Single by Lauren Daigle

from the album Look Up Child
- Released: January 4, 2019
- Recorded: 2017–18
- Genre: Christian pop; dance-pop; worship;
- Length: 3:03
- Label: Centricity; 12Tone;
- Songwriter(s): Lauren Daigle; Jason Ingram; Paul Mabury;
- Producer(s): Ingram; Mabury;

Lauren Daigle singles chronology
| "The Christmas Song" (2018) | "Look Up Child" (2019) | "Rescue" (2019) |

= Look Up Child (song) =

2019 single by Lauren Daigle

"Look Up Child" is the second single by American contemporary Christian music singer and songwriter Lauren Daigle for her third studio album of the same name.

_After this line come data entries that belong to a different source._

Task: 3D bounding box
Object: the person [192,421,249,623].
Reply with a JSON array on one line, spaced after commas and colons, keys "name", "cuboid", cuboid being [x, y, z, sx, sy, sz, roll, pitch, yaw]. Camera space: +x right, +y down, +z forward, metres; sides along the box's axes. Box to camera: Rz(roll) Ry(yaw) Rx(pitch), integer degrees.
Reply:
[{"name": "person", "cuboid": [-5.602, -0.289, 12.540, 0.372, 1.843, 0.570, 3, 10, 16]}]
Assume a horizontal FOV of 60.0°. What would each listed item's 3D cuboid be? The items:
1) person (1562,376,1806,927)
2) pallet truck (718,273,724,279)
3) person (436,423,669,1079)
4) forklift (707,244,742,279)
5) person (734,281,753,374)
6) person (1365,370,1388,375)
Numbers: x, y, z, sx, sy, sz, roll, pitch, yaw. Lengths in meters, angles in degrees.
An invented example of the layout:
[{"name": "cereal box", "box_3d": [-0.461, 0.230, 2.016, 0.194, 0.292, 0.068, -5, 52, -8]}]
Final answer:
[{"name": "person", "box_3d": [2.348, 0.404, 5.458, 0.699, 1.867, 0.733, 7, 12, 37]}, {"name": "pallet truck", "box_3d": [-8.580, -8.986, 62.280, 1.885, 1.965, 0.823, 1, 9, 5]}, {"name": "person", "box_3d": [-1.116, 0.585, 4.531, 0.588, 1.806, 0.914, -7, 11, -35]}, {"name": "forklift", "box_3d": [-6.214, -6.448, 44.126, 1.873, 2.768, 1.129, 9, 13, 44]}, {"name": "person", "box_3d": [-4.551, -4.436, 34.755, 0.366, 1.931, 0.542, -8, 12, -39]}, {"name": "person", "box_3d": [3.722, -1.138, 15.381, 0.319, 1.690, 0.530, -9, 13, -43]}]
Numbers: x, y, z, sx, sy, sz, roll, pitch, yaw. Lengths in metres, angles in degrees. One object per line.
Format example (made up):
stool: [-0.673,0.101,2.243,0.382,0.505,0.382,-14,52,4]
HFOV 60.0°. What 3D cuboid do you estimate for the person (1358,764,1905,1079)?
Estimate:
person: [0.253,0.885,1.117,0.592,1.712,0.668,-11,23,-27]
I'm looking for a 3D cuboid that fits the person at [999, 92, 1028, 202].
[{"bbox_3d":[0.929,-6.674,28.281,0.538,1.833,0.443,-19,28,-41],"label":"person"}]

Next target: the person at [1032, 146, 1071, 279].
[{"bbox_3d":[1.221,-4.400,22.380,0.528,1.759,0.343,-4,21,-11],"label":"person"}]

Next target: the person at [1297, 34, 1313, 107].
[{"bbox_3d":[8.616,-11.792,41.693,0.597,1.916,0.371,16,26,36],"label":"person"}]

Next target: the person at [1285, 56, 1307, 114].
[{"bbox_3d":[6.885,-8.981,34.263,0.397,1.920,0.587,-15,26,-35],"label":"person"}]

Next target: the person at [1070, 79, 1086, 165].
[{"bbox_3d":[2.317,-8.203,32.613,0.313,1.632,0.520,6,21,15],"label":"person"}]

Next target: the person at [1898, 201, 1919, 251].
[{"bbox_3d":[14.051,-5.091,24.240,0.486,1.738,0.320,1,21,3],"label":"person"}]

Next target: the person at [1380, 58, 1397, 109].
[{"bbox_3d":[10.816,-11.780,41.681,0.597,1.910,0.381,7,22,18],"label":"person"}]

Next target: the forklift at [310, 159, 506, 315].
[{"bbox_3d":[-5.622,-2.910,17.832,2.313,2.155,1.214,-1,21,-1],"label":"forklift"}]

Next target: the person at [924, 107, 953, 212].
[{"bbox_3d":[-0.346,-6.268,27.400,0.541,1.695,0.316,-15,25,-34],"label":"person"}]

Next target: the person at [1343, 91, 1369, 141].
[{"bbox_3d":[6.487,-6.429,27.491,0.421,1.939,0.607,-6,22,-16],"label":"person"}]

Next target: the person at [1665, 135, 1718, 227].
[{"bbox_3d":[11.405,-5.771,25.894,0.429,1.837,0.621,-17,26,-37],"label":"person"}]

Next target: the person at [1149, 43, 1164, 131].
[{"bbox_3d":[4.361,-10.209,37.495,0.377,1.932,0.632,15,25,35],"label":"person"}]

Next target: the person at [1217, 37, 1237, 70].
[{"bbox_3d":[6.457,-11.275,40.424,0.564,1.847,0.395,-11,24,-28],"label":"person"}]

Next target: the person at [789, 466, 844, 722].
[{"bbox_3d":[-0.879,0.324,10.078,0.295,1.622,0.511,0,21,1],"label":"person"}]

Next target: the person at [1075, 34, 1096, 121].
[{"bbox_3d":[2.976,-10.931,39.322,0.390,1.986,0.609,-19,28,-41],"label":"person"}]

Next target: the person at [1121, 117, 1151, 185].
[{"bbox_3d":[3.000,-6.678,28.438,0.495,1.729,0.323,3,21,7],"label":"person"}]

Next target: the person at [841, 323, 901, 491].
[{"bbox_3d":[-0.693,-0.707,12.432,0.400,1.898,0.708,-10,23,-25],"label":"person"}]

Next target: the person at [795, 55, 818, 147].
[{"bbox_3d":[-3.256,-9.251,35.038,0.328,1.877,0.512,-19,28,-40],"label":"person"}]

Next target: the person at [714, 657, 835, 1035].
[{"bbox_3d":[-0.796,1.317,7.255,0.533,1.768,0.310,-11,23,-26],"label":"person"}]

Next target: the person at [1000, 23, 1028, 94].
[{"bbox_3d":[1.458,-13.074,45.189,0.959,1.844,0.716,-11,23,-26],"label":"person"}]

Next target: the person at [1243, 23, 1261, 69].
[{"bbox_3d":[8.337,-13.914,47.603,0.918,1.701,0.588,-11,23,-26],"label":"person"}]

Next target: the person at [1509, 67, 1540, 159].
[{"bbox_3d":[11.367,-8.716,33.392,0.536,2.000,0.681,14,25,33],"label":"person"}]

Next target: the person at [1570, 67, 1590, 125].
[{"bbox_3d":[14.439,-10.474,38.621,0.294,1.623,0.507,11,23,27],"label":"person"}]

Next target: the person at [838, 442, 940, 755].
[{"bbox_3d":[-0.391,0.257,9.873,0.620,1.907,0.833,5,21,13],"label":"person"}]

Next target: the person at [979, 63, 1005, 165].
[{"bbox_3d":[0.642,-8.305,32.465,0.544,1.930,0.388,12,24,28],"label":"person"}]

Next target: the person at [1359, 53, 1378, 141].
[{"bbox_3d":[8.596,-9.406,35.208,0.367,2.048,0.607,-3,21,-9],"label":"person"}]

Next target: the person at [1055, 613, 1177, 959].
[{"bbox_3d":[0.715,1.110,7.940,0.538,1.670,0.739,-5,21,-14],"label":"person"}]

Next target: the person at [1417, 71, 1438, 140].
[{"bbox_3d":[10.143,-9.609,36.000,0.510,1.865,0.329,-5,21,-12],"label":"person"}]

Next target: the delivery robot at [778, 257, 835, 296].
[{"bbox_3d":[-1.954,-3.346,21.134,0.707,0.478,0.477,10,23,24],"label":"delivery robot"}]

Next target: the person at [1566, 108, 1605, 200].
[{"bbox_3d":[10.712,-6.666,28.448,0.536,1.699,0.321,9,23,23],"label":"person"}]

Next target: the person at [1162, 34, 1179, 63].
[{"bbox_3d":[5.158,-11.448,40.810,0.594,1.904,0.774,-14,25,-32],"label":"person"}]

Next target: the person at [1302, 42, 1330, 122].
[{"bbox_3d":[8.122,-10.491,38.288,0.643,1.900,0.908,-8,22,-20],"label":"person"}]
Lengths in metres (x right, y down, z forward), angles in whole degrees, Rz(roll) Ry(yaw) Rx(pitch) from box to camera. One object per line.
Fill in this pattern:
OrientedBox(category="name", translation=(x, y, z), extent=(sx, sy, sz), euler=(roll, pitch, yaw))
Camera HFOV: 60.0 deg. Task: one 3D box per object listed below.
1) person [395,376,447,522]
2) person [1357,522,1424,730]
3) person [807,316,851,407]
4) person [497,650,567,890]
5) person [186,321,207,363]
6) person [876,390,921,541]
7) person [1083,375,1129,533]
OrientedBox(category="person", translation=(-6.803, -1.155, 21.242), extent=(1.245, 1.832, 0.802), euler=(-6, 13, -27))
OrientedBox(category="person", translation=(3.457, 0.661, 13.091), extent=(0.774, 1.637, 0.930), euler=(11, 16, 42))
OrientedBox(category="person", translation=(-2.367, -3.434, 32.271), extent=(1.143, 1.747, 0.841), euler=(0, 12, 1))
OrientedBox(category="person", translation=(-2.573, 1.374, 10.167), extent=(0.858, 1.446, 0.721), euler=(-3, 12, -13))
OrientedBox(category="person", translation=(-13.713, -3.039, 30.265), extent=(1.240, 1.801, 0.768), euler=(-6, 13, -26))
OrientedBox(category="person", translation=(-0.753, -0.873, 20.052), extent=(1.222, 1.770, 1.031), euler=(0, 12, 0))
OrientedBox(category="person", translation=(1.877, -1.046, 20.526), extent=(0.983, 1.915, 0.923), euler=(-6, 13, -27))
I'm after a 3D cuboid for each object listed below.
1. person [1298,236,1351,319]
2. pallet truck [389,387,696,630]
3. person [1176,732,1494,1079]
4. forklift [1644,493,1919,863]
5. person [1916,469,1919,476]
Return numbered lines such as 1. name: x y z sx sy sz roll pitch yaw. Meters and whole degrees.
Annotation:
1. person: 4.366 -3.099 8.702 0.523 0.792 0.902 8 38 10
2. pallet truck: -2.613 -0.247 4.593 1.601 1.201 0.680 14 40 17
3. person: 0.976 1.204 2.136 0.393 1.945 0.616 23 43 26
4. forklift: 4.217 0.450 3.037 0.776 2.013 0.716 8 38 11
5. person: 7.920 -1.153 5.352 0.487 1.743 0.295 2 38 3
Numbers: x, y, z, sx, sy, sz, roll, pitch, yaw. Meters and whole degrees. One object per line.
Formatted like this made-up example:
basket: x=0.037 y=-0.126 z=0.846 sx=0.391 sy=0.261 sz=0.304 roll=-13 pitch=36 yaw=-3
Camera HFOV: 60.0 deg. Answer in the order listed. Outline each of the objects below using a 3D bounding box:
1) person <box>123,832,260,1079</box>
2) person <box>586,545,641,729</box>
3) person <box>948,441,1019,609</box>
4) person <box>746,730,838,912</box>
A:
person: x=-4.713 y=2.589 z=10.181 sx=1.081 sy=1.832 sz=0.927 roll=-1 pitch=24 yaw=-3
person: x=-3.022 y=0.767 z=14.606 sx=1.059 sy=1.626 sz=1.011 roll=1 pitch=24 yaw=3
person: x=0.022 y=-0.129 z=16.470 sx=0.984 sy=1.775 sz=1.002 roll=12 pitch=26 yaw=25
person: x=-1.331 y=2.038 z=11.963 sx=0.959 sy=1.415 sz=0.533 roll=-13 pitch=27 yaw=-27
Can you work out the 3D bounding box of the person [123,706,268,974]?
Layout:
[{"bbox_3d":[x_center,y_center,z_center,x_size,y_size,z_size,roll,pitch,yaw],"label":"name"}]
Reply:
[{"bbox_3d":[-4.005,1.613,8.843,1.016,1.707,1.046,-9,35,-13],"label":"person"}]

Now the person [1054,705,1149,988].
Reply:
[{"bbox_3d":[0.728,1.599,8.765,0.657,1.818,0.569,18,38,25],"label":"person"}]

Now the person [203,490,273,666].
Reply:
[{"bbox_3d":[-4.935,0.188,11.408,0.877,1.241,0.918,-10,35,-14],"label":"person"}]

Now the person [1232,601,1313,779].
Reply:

The song peaked at No. 3 on the US Hot Christian Songs chart, becoming her twelfth top ten single, and making her the woman with the most top tens on the chart. The song is played in a D major key, and 91 beats per minute.

==Background==
"Look Up Child" was released as the second promotional single from Look Up Child on August 28, 2018. After being seen as the second favorite from the album, it was released to Christian radio on January 4, 2019. For the song, she explained in an interview with SongwriterUniverse, "I wanted to communicate that rootsy Louisiana soul-jazz element I grew up in. I thought about how my grandfather would teach me how to dance in the living room, that great cross-generational creative passion, and wanted to express that as well.”"

==Composition==
"Look Up Child" is originally in the key of D major, with a tempo of 91 beats per minute. Written in common time, Daigle's vocal range spans from A_{3} to B_{4} during the song.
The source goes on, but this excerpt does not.